• _TO DO_: Repeat, word for word, each of the records shown below, without their pictures.

*** Begin section ***

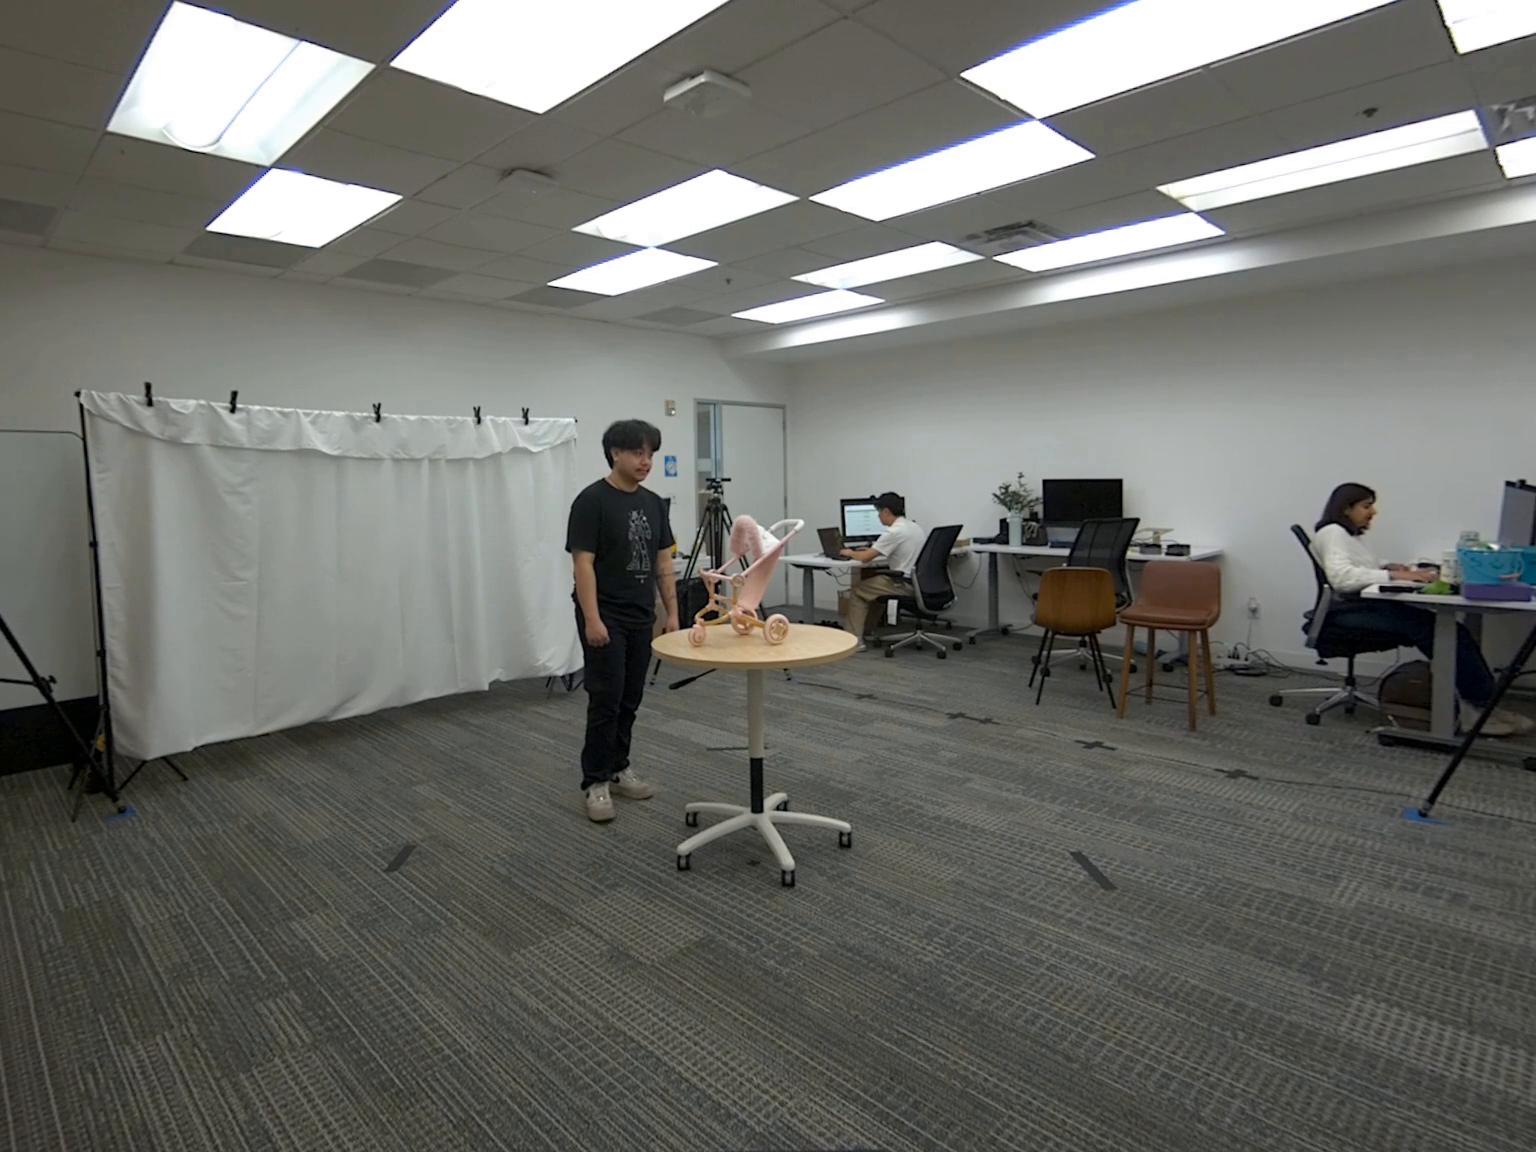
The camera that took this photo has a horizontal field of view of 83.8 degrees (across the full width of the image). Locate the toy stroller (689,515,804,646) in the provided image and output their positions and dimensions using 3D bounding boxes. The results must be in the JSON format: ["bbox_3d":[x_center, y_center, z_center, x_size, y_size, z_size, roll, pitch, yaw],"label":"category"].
[{"bbox_3d":[-0.093,0.017,3.159,0.333,0.536,0.288,12,-2,-23],"label":"toy stroller"}]
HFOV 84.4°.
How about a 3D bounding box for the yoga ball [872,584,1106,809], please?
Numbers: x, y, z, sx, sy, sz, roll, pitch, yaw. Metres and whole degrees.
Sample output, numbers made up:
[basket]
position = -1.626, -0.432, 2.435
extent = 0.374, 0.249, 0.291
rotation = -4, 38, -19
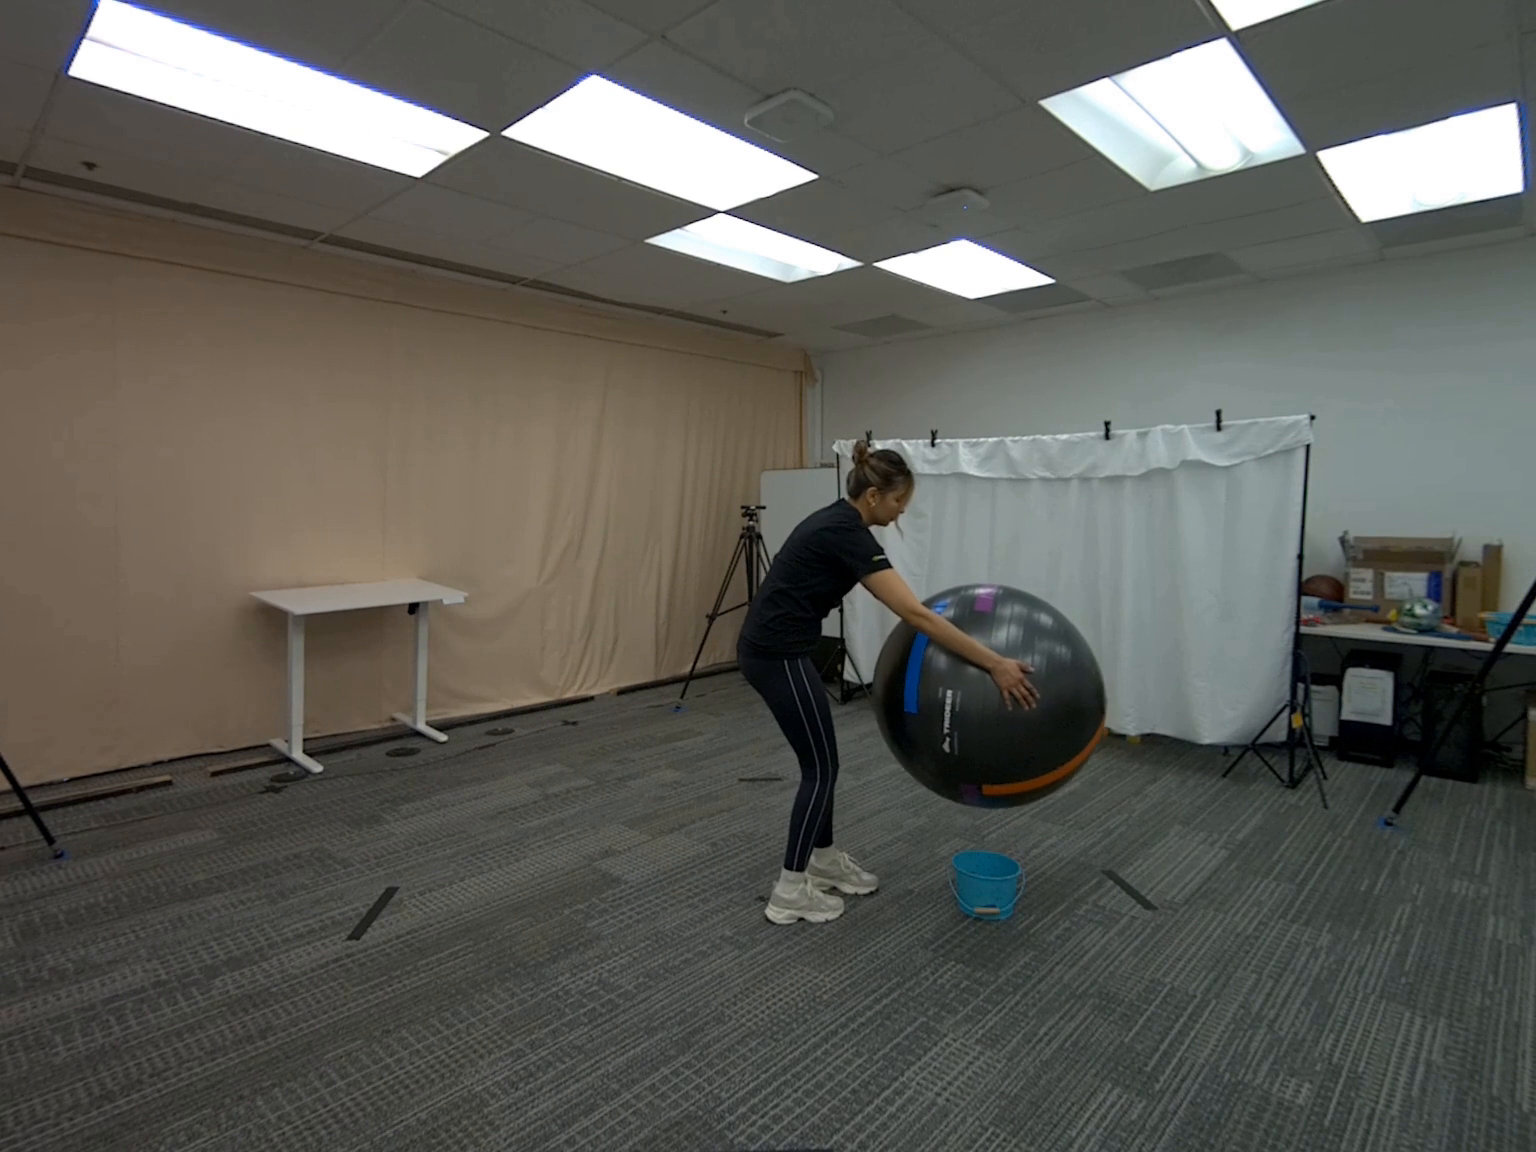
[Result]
[yoga ball]
position = 0.759, 0.412, 2.910
extent = 0.757, 0.756, 0.761
rotation = 0, 4, -2

*** End section ***

• _ANSWER TO THIS PROBLEM_:
The camera that took this photo has a horizontal field of view of 83.8 degrees (across the full width of the image). Locate the toy stroller (689,515,804,646) in the provided image and output their positions and dimensions using 3D bounding boxes. The results must be in the JSON format: ["bbox_3d":[x_center, y_center, z_center, x_size, y_size, z_size, roll, pitch, yaw],"label":"category"].
[{"bbox_3d":[-0.093,0.017,3.159,0.333,0.536,0.288,12,-2,-23],"label":"toy stroller"}]
HFOV 84.4°.
How about a 3D bounding box for the yoga ball [872,584,1106,809], please?
Numbers: x, y, z, sx, sy, sz, roll, pitch, yaw. Metres and whole degrees.
Sample output, numbers made up:
[basket]
position = -1.626, -0.432, 2.435
extent = 0.374, 0.249, 0.291
rotation = -4, 38, -19
[Result]
[yoga ball]
position = 0.759, 0.412, 2.910
extent = 0.757, 0.756, 0.761
rotation = 0, 4, -2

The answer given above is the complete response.